At some point during the day, did he necessarily have a $50$% success rate?

My Attempt
Since he started at $0$% and made it to $99$%, he clearly had to pass $50$% at some point. Let's look at the shot right before.
If he's currently at an even number of shots, his proportion is $\frac{n-1}{2n}$.


*

*If he misses his next shot, we don't care because he's more than one shot from potentially getting to $50$%.

*If he makes his next shot, his proportion is $\frac{n}{2n+1}$. This brings us to the odd case.


If he's currently at an odd number of shots, his proportion is $\frac{n}{2n+1}$.


*

*If he misses his next shot, we don't care because he's more than one shot from potentially getting to $50$%.

*If he makes his next shot, his proportion is $\frac{n+1}{2n+2} = \frac{1}{2}$.


Therefore, he must have been equal to a proportion of $\frac{1}{2}$ at some point.

I don't think my solution is correct. It seems odd that I'm able to say he's one shot away at all times, otherwise we just don't care. I need help fixing my argument, because I'm fairly sure my answer is right, just my proof is wrong.
 A: Seems good to me; you can then forget about "missing the shot", as you say, because we are assuming that he makes that shot (and you are sure of the existence of such a shot)
just a couple of points:
First, why if the number of shot is even then the numerator must be $n-1$. The reason is that if it isn't, then that shot cannot be "the last one below 50%", but I'd say it more clearly.
Another point is that in the even case, the right conclusion is not "this brings us to the odd case" which doesn't really say anything, but you can say that the proportion is still below 50% contradicting the fact that that shot was the last one below 50%; hence the last shot below 50% has to be taken after an odd number of shots, and in that case it brings you to exactly 50%
A: I think your proof makes sense, but I would try to simplify a bit.
We know that at some point Micheal passed the 50% mark by making a shot. Let $n$ be the number of missed shots he had before making the shot that got him over 50%. How many shots had he made at that point?

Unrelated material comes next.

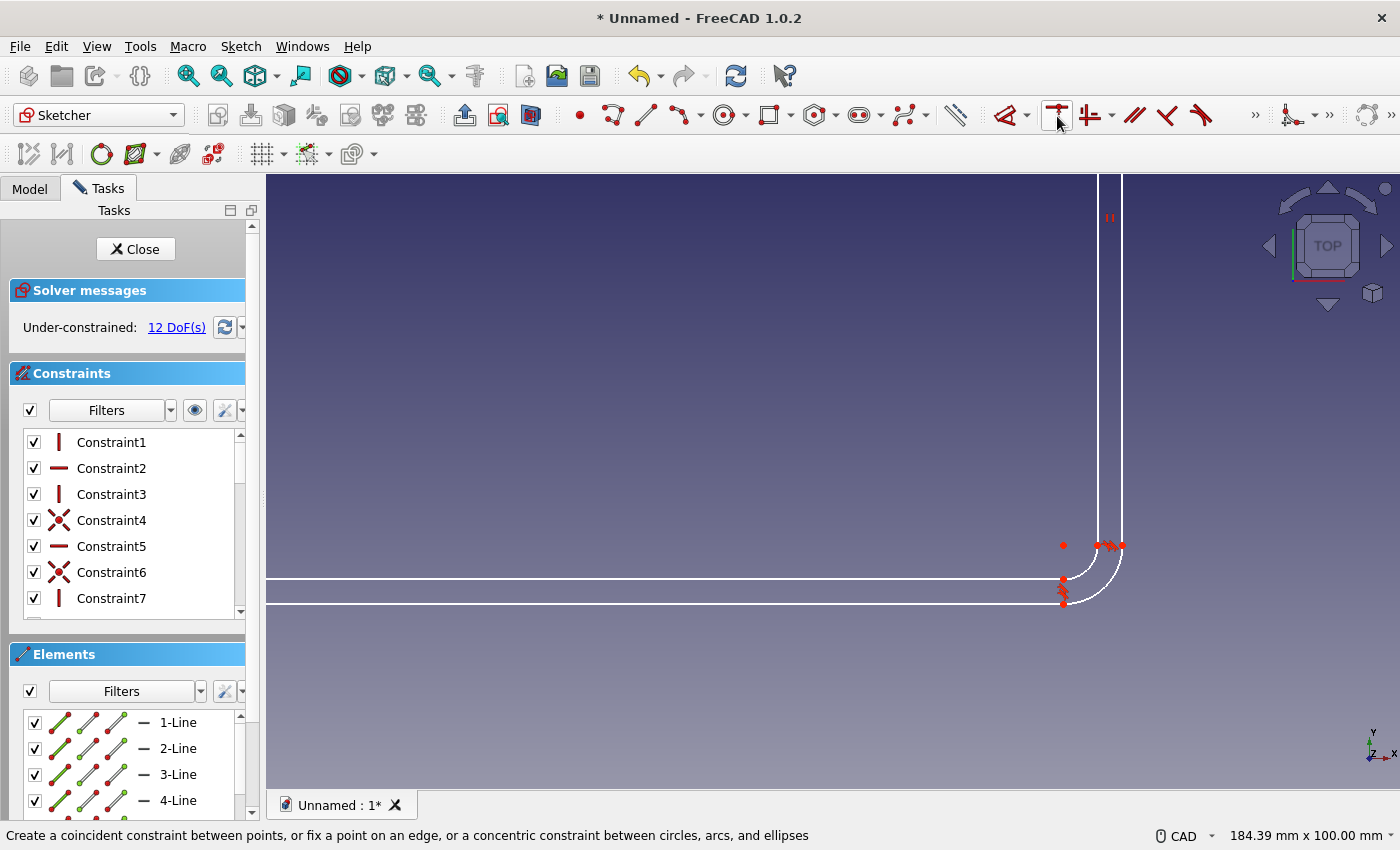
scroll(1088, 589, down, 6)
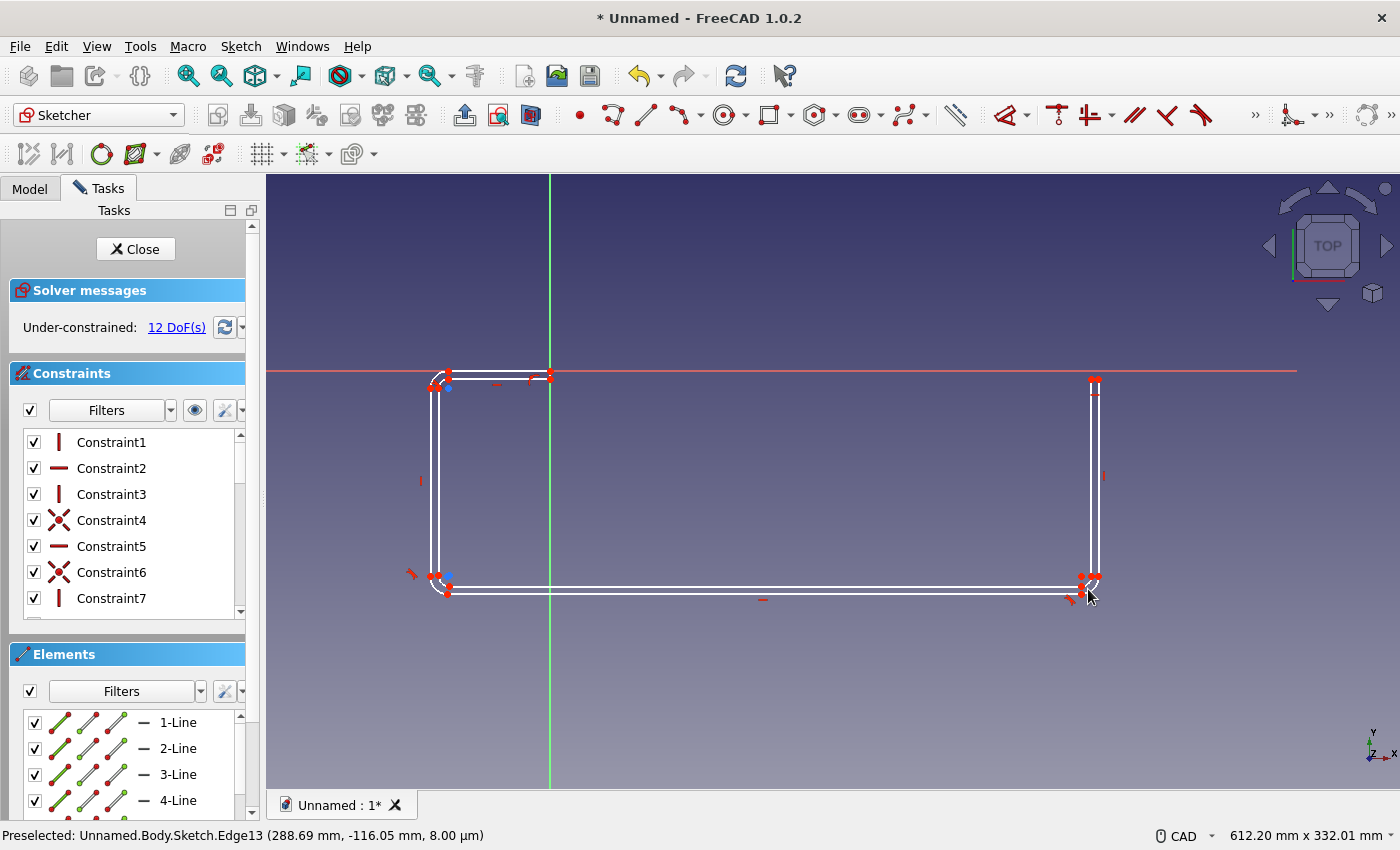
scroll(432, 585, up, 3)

Obviously, he had made $n$ shots. (If it were less than n, the next made shot wouldn't get him over 50%, if it were more than n, then he's already over 50%.) Since at that point he had both made and missed $n$ shots, his percentage was exactly 50%.
A: Well, I think this come down to is can the following have two integer solutions: $\frac {k}{n} < 1/2 < \frac{k+1}{n+1}$.  ($k$ being the number of made shots and $n$ the number of total shots immediately before the rate was 50%.$
i.e. $k(n+1) = k(n+1) < \frac{n(n+1)}2 < n(k+1)$  so $k< n/2$ while $k + l > (n+1)/2$.
So $n/2 - 1/2 < k < n/2$  Or $n - 1< 2k < n$ which is impossible by archemedian principal.
Which I guess, is more or less, the same argument...